Mayer-Hamblett Nicole, Aitken Moira L, Accurso Frank J, Kronmal Richard A, Konstan Michael W, Burns Jane L, Sagel Scott D, Ramsey Bonnie W
Department of Pediatrics, University of Washington, 4800 Sand Point Way N.E., Box 5371, Seattle, WA 98105-0371, USA.
Am J Respir Crit Care Med. 2007 Apr 15;175(8):822-8. doi: 10.1164/rccm.200609-1354OC. Epub 2007 Jan 18.
Sputum biomarkers of infection and inflammation are noninvasive measures that enable quantification of the complex pathophysiology of cystic fibrosis (CF) lung disease. Validation of these biomarkers as correlates of disease severity is a key step for their application.
We constructed a large database from four multicenter studies to quantify the strength of association between expectorated sputum biomarkers and FEV(1.)
FEV(1) (range, 25-120% predicted) and quantitative data on expectorated sputum biomarkers including free neutrophil elastase, IL-8, neutrophils, Pseudomonas aeruginosa, and Staphylococcus aureus were obtained from 269 participants (ages, 9-54 years) from 33 centers.
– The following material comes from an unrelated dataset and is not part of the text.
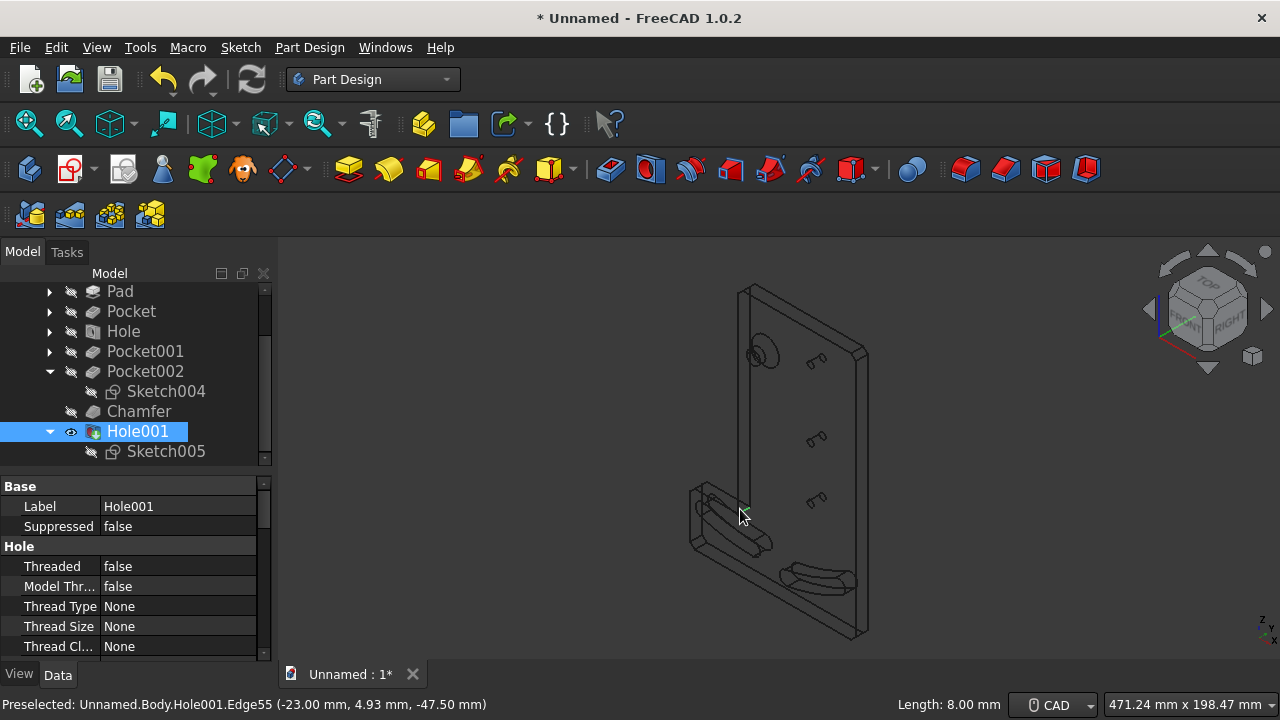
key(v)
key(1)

Cross-sectional and longitudinal statistical analyses were performed to estimate associations between the markers and FEV(1), including the use of multivariable analyses.
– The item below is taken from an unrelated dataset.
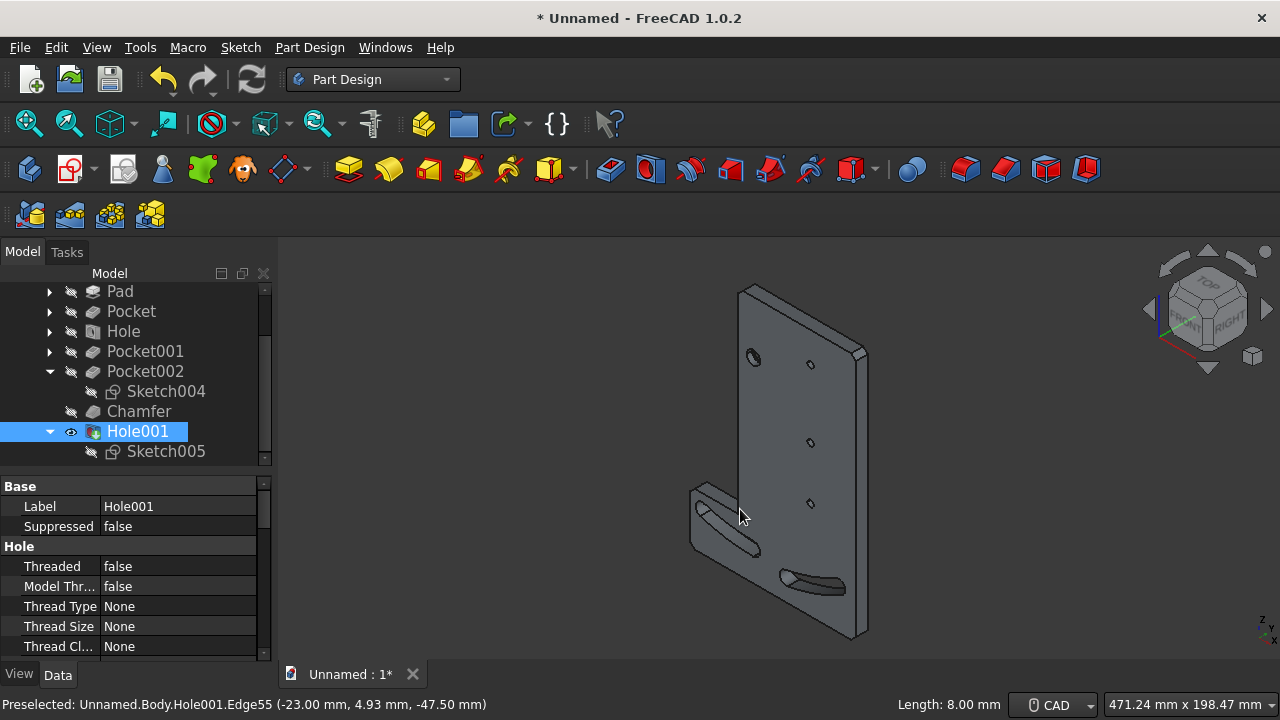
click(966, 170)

Elastase was negatively correlated with FEV(1) (correlation [r] = -0.35; 95% confidence interval [CI]: -0.46, -0.22). On average, patients with CF who differed in their elastase measurements by 0.5 log differed in their FEV(1) values by -7.3% (95% CI: -9.7, -4.6). Neutrophil counts and IL-8 were also each negatively correlated. In a multivariable regression, elastase and neutrophil counts were able to explain the majority of variation in FEV(1). Elastase was further shown to have a significant longitudinal association with FEV(1), specifically a -2.9% decline in FEV(1) (95% CI: -5.0, -0.9) per 1-log increase in elastase. Although correlated with FEV(1), bacterial densities were unable to explain clinically meaningful differences in FEV(1) within and across patients.
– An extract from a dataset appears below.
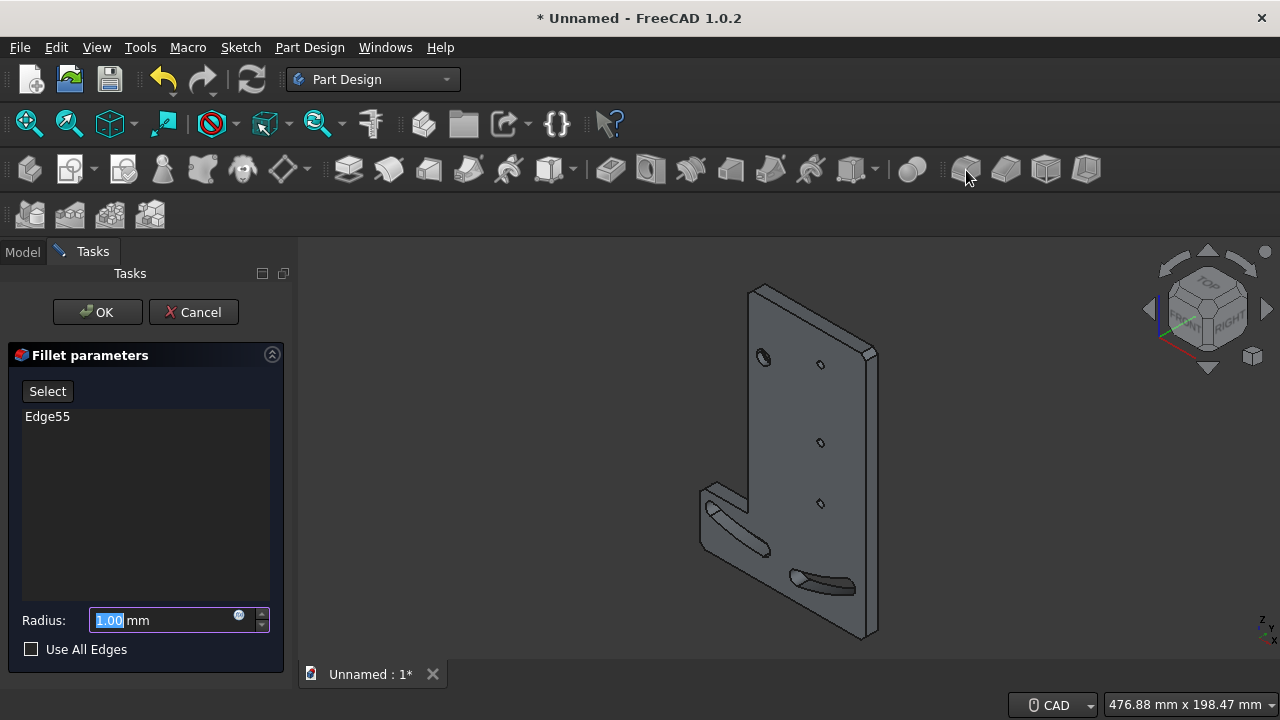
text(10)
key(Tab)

These data support the role of sputum biomarkers as correlates of disease severity in a diverse CF population.
痰液中感染和炎症的生物标志物是一种非侵入性检测手段,能够对囊性纤维化(CF)肺部疾病复杂的病理生理学进行量化。验证这些生物标志物与疾病严重程度的相关性是其应用的关键步骤。
我们通过四项多中心研究构建了一个大型数据库,以量化咳出痰液生物标志物与第一秒用力呼气容积(FEV₁)之间的关联强度。
从33个中心的269名参与者(年龄9 - 54岁)获取FEV₁(范围为预测值的25% - 120%)以及咳出痰液生物标志物的定量数据,包括游离中性粒细胞弹性蛋白酶、白细胞介素 - 8、中性粒细胞、铜绿假单胞菌和金黄色葡萄球菌。进行横断面和纵向统计分析以估计这些标志物与FEV₁之间的关联,包括使用多变量分析。
弹性蛋白酶与FEV₁呈负相关(相关性[r] = -0.35;95%置信区间[CI]:-0.46,-0.22)。平均而言,CF患者中弹性蛋白酶测量值相差0.5对数时,其FEV₁值相差 -7.3%(95% CI:-9.7,-4.6)。中性粒细胞计数和白细胞介素 - 8也均呈负相关。在多变量回归中,弹性蛋白酶和中性粒细胞计数能够解释FEV₁的大部分变异。进一步表明弹性蛋白酶与FEV₁存在显著的纵向关联,具体而言,弹性蛋白酶每增加1对数,FEV₁下降 -2.9%(95% CI:-5.0,-0.9)。尽管细菌密度与FEV₁相关,但无法解释患者内部和患者之间FEV₁的临床有意义差异?
这些数据支持痰液生物标志物在不同CF人群中作为疾病严重程度相关指标的作用。